We started working on the paper in March 2016 and submitted it to the International Journal of Forecasting (IJF) in January 2017. It went through four rounds of revision with the second reviewer throughout the way being very critical, unsupportive and driving the paper into a wrong direction, burying it in the discussion of petty statistical details. We rewrote the paper several times and I rewrote the R code of the function few times. In the end the Associate Editor (AE) of the IJF (who completely forgot about our paper for several months) decided not to send the paper to the reviewers again, completely ignored our responses to the reviewers, did not provide any major feedback and have written an insulting response that ended with the phrase "I could go on, but I’m out of patience with the authors and their paper". The paper was rejected from IJF in 2019, which set me back in my academic career. This together with constant rejections of my Complex Exponential Smoothing paper and actions of a colleague of mine who decided to cut all ties with me in Summer 2019, hit my self-esteem and caused a serious damage to my professional life. I thought of quitting academia and to either starting working in business or doing something different with my life, not related to forecasting at all. I stayed mainly because of all the support that John Boylan, Robert Fildes, Nikos Kourentzes and my wife Anna Sroginis provided me. I recovered from that hit only in 2022, when my Complex Exponential Smoothing paper got accepted and things finally started turning well. After that John and I have rewritten the paper again, split it into two: "iETS" and "Multiplicative ETS" (under revision in IMA Journal of Management Mathematics) and submitted the former to the International Journal of Production Economics, where after one round of revision it got accepted. Unfortunately, we never got to celebrate the success with John because he passed away.

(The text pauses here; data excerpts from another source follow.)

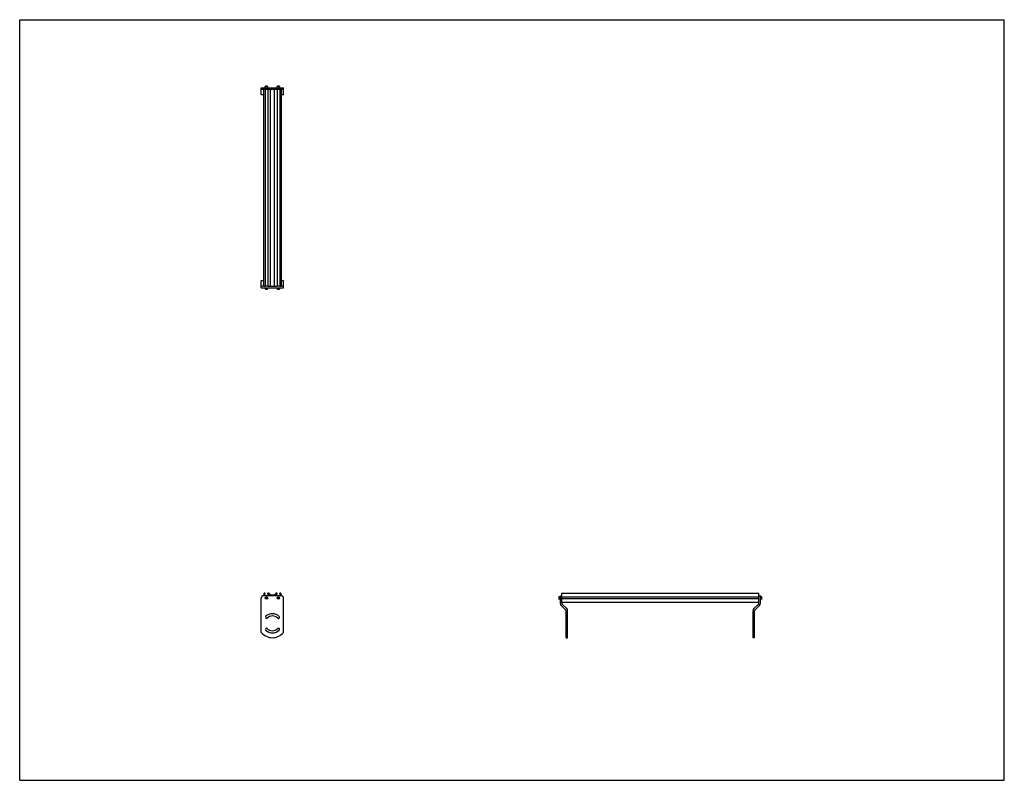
# Model space of a CAD drawing. Header units: inches. Extents: x 0 to 154, y 0 to 119.
import ezdxf

# ---------------------------------------------------------------- set-up
doc = ezdxf.new("R2010")
doc.units = ezdxf.units.IN
doc.header["$LTSCALE"] = 8.47
doc.header["$MEASUREMENT"] = 0
doc.layers.get('0').update_dxf_attribs({"linetype": 'CONTINUOUS'})
for name, color, linetype in [('300825M_BL2', 7, 'CONTINUOUS'), ('300825M_BL3', 7, 'CONTINUOUS'), ('708180P_BL0', 7, 'CONTINUOUS'), ('708180P_BL4', 7, 'CONTINUOUS'), ('708180P_BL5', 7, 'CONTINUOUS'), ('708180P_BL6', 7, 'CONTINUOUS'), ('710210_03079_BL1', 7, 'CONTINUOUS')]:
    doc.layers.add(name, color=color, linetype=linetype)

# ---------------------------------------------------------------- blocks, each defined once
blk = doc.blocks.new('708180P_BL0', base_point=(38.6, 52.71))
at = {"layer": '708180P_BL0', "color": 7, "linetype": 'CONTINUOUS'}
for p, q in [((38.41, 77.07), (38.41, 76.86)), ((38.78, 77.07), (38.78, 76.86)), ((38.41, 76.86), (38.78, 76.86)), ((38.43, 76.84), (38.41, 76.86)), ((38.43, 76.84), (38.76, 76.84)), ((38.76, 76.84), (38.78, 76.86)), ((38.54, 28.64), (38.48, 28.54)), ((38.48, 28.54), (38.54, 28.44)), ((38.54, 28.64), (38.65, 28.64)), ((38.65, 28.44), (38.54, 28.44)), ((38.71, 28.54), (38.65, 28.64)), ((38.65, 28.44), (38.71, 28.54))]:
    blk.add_line(p, q, dxfattribs=at)
for radius in [0.187, 0.163]:
    blk.add_circle((38.6, 28.54), radius, dxfattribs=at)
blk = doc.blocks.new('710210_03079_BL1', base_point=(76.89, 67.97))
at = {"layer": '710210_03079_BL1', "color": 7, "linetype": 'CONTINUOUS'}
for p, q in [((38.19, 77.32), (38.19, 108.11)), ((38.4, 108.11), (38.19, 108.11)), ((38.4, 108.11), (38.4, 77.32)), ((38.79, 108.11), (38.79, 77.32)), ((38.79, 108.11), (40.27, 108.11)), ((39.23, 77.32), (39.23, 108.11)), ((39.84, 77.32), (39.84, 108.11)), ((40.27, 108.11), (40.27, 77.32)), ((40.67, 108.11), (40.67, 77.32)), ((40.88, 108.11), (40.67, 108.11)), ((40.88, 108.11), (40.88, 77.32)), ((38.19, 77.32), (38.4, 77.32)), ((38.79, 77.32), (40.27, 77.32)), ((40.67, 77.32), (40.88, 77.32)), ((38.4, 29.26), (38.25, 29.26)), ((38.4, 29.14), (38.4, 29.26)), ((38.79, 29.14), (38.79, 29.26)), ((38.97, 29.26), (38.79, 29.26)), ((40.27, 29.26), (40.09, 29.26)), ((40.27, 29.14), (40.27, 29.26)), ((40.67, 29.14), (40.67, 29.26)), ((40.82, 29.26), (40.67, 29.26)), ((84.81, 28.88), (84.81, 29.26)), ((84.81, 29.26), (115.6, 29.26)), ((115.6, 28.88), (115.6, 29.26)), ((38.19, 29.2), (38.19, 28.88)), ((38.28, 29.14), (38.28, 28.88)), ((38.4, 29.14), (38.28, 29.14)), ((38.92, 29.14), (38.79, 29.14)), ((38.92, 28.88), (38.92, 29.14)), ((39, 29.13), (39, 28.88)), ((39.23, 28.88), (39, 29.13)), ((39.02, 29.24), (39.23, 29.01)), ((39.23, 29.01), (39.84, 29.01)), ((39.32, 28.92), (39.29, 28.88)), ((39.75, 28.92), (39.32, 28.92)), ((39.78, 28.88), (39.75, 28.92)), ((39.84, 29.01), (40.05, 29.24)), ((40.07, 29.13), (39.84, 28.88)), ((40.07, 28.88), (40.07, 29.13)), ((40.15, 29.14), (40.15, 28.88)), ((40.27, 29.14), (40.15, 29.14)), ((40.79, 29.14), (40.67, 29.14)), ((40.79, 28.88), (40.79, 29.14)), ((40.88, 28.88), (40.88, 29.2)), ((115.6, 28.67), (84.81, 28.67)), ((84.81, 28.42), (115.6, 28.42)), ((115.6, 27.82), (84.81, 27.82))]:
    blk.add_line(p, q, dxfattribs=at)
for centre, start, end in [((38.25, 29.2), 90, 180), ((38.97, 29.2), 41.6222, 90), ((40.09, 29.2), 90, 138.3778), ((40.82, 29.2), 0, 90)]:
    blk.add_arc(centre, 0.0625, start, end, dxfattribs=at)
blk = doc.blocks.new('300825M_BL2', base_point=(76.82, 65.33))
at = {"layer": '300825M_BL2', "color": 7, "linetype": 'CONTINUOUS'}
for p, q in [((37.78, 107.22), (37.78, 108.36)), ((37.78, 108.36), (41.28, 108.36)), ((37.78, 108.11), (38.19, 108.11)), ((38.4, 108.11), (38.79, 108.11)), ((40.27, 108.11), (40.67, 108.11)), ((40.88, 108.11), (41.28, 108.11)), ((41.28, 107.22), (41.28, 108.36)), ((38.19, 107.22), (37.78, 107.22)), ((41.28, 107.22), (40.88, 107.22)), ((37.78, 23.14), (37.78, 28.51)), ((115.6, 28.88), (115.85, 28.88)), ((115.6, 27.71), (115.6, 28.88)), ((115.85, 27.71), (115.85, 28.88)), ((114.7, 22.31), (114.7, 26.51)), ((114.85, 26.86), (115.52, 27.53)), ((114.95, 22.31), (114.95, 26.51)), ((115.03, 26.68), (115.7, 27.36)), ((114.7, 23.14), (114.95, 23.14)), ((114.95, 22.31), (114.7, 22.31))]:
    blk.add_line(p, q, dxfattribs=at)
for centre, radius, start, end in [((38.16, 28.51), 0.375, 90, 180), ((115.2, 26.51), 0.5, 135, 180), ((115.2, 26.51), 0.25, 135, 180), ((115.35, 27.71), 0.253, 315, 360), ((115.35, 27.71), 0.503, 315, 360), ((40.47, 25.5), 0.17, 37.3969, 45), ((40.47, 23.62), 0.17, 315, 89.4566)]:
    blk.add_arc(centre, radius, start, end, dxfattribs=at)
blk = doc.blocks.new('300825M_BL3', base_point=(61.74, 50.26))
at = {"layer": '300825M_BL3', "color": 7, "linetype": 'CONTINUOUS'}
for p, q in [((37.78, 78.22), (38.19, 78.22)), ((37.78, 77.07), (37.78, 78.22)), ((38.19, 77.32), (37.78, 77.32)), ((37.78, 77.07), (41.28, 77.07)), ((38.79, 77.32), (38.4, 77.32)), ((40.67, 77.32), (40.27, 77.32)), ((40.88, 78.22), (41.28, 78.22)), ((41.28, 77.32), (40.88, 77.32)), ((41.28, 77.07), (41.28, 78.22)), ((37.78, 23.14), (37.78, 28.51)), ((40.91, 28.88), (38.16, 28.88)), ((41.28, 23.14), (41.28, 28.51)), ((84.56, 27.71), (84.56, 28.88)), ((84.56, 28.88), (84.81, 28.88)), ((84.81, 27.71), (84.81, 28.88)), ((85.38, 26.68), (84.71, 27.36)), ((85.56, 26.86), (84.88, 27.53)), ((85.45, 22.31), (85.45, 26.51)), ((85.7, 22.31), (85.7, 26.51)), ((85.45, 23.14), (85.7, 23.14)), ((85.45, 22.31), (85.7, 22.31))]:
    blk.add_line(p, q, dxfattribs=at)
for centre, radius, start, end in [((38.16, 28.51), 0.375, 90, 180), ((40.91, 28.51), 0.375, 0, 90), ((85.06, 27.71), 0.503, 180, 225), ((85.06, 27.71), 0.253, 180, 225), ((85.2, 26.51), 0.25, 0, 45), ((85.2, 26.51), 0.5, 0, 45), ((38.6, 25.5), 0.17, 135, 315), ((39.53, 24.56), 1.5, 45, 135), ((39.53, 24.56), 1.16, 45, 135), ((40.47, 25.5), 0.17, 225, 45), ((39.53, 24.56), 2.25, 218.9424, 321.0576), ((38.6, 23.62), 0.17, 45, 225), ((39.53, 24.56), 1.5, 225, 315), ((39.53, 24.56), 1.16, 225, 315), ((40.47, 23.62), 0.17, 315, 135)]:
    blk.add_arc(centre, radius, start, end, dxfattribs=at)
blk = doc.blocks.new('708180P_BL4', base_point=(62.42, 52.71))
at = {"layer": '708180P_BL4', "color": 7, "linetype": 'CONTINUOUS'}
for p, q in [((40.28, 77.07), (40.28, 76.86)), ((40.66, 77.07), (40.66, 76.86)), ((40.28, 76.86), (40.66, 76.86)), ((40.31, 76.84), (40.28, 76.86)), ((40.31, 76.84), (40.64, 76.84)), ((40.64, 76.84), (40.66, 76.86)), ((40.42, 28.64), (40.36, 28.54)), ((40.36, 28.54), (40.42, 28.44)), ((40.42, 28.64), (40.53, 28.64)), ((40.53, 28.44), (40.42, 28.44)), ((40.59, 28.54), (40.53, 28.64)), ((40.53, 28.44), (40.59, 28.54)), ((84.35, 28.73), (84.32, 28.71)), ((84.32, 28.71), (84.32, 28.38)), ((84.35, 28.36), (84.32, 28.38)), ((84.35, 28.73), (84.35, 28.36)), ((84.56, 28.73), (84.35, 28.73)), ((84.56, 28.36), (84.35, 28.36))]:
    blk.add_line(p, q, dxfattribs=at)
for radius in [0.187, 0.163]:
    blk.add_circle((40.47, 28.54), radius, dxfattribs=at)
blk = doc.blocks.new('708180P_BL5', base_point=(38.6, 108.48))
at = {"layer": '708180P_BL5', "color": 7, "linetype": 'CONTINUOUS'}
for p, q in [((38.43, 108.6), (38.41, 108.57)), ((38.41, 108.36), (38.41, 108.57)), ((38.78, 108.57), (38.41, 108.57)), ((38.76, 108.6), (38.43, 108.6)), ((38.76, 108.6), (38.78, 108.57)), ((38.78, 108.36), (38.78, 108.57))]:
    blk.add_line(p, q, dxfattribs=at)
blk = doc.blocks.new('708180P_BL6', base_point=(78.18, 68.48))
at = {"layer": '708180P_BL6', "color": 7, "linetype": 'CONTINUOUS'}
for p, q in [((40.31, 108.6), (40.28, 108.57)), ((40.28, 108.36), (40.28, 108.57)), ((40.66, 108.57), (40.28, 108.57)), ((40.64, 108.6), (40.31, 108.6)), ((40.64, 108.6), (40.66, 108.57)), ((40.66, 108.36), (40.66, 108.57)), ((116.06, 28.73), (115.85, 28.73)), ((116.06, 28.36), (115.85, 28.36)), ((116.08, 28.71), (116.06, 28.73)), ((116.06, 28.36), (116.06, 28.73)), ((116.08, 28.38), (116.06, 28.36)), ((116.08, 28.38), (116.08, 28.71))]:
    blk.add_line(p, q, dxfattribs=at)

msp = doc.modelspace()

# ---------------------------------------------------------------- linework, layer by layer
at = {"color": 7, "linetype": 'CONTINUOUS'}
for p, q in [((0, 0), (0, 119)), ((0, 119), (154, 119)), ((154, 0), (154, 119)), ((0, 0), (154, 0))]:
    msp.add_line(p, q, dxfattribs=at)

# ---------------------------------------------------------------- block references
at = {"layer": '300825M_BL2'}
msp.add_blockref('300825M_BL2', (76.82, 65.33), dxfattribs=at)
at = {"layer": '300825M_BL3'}
msp.add_blockref('300825M_BL3', (61.74, 50.26), dxfattribs=at)
at = {"layer": '708180P_BL0'}
msp.add_blockref('708180P_BL0', (38.6, 52.71), dxfattribs=at)
at = {"layer": '708180P_BL4'}
msp.add_blockref('708180P_BL4', (62.42, 52.71), dxfattribs=at)
at = {"layer": '708180P_BL5'}
msp.add_blockref('708180P_BL5', (38.6, 108.48), dxfattribs=at)
at = {"layer": '708180P_BL6'}
msp.add_blockref('708180P_BL6', (78.18, 68.48), dxfattribs=at)
at = {"layer": '710210_03079_BL1'}
msp.add_blockref('710210_03079_BL1', (76.89, 67.97), dxfattribs=at)

doc.saveas('drawing.dxf')

The moral of this story is that publishing in academia can be very tough and unfair. Sometimes, you get a very negative feedback from the people you least expect to get it from. People that you respect and think very highly of might not understand what you are proposing and be very unsupportive. We actually knew who the reviewers and the AE of our IJF paper were - they are esteemed academics in the field of forecasting. And while I still think highly of their research and contributions to the field, the way the second reviewer and the AE handled the review has damaged my personal respect to them - I never expected them to be so narrow-minded...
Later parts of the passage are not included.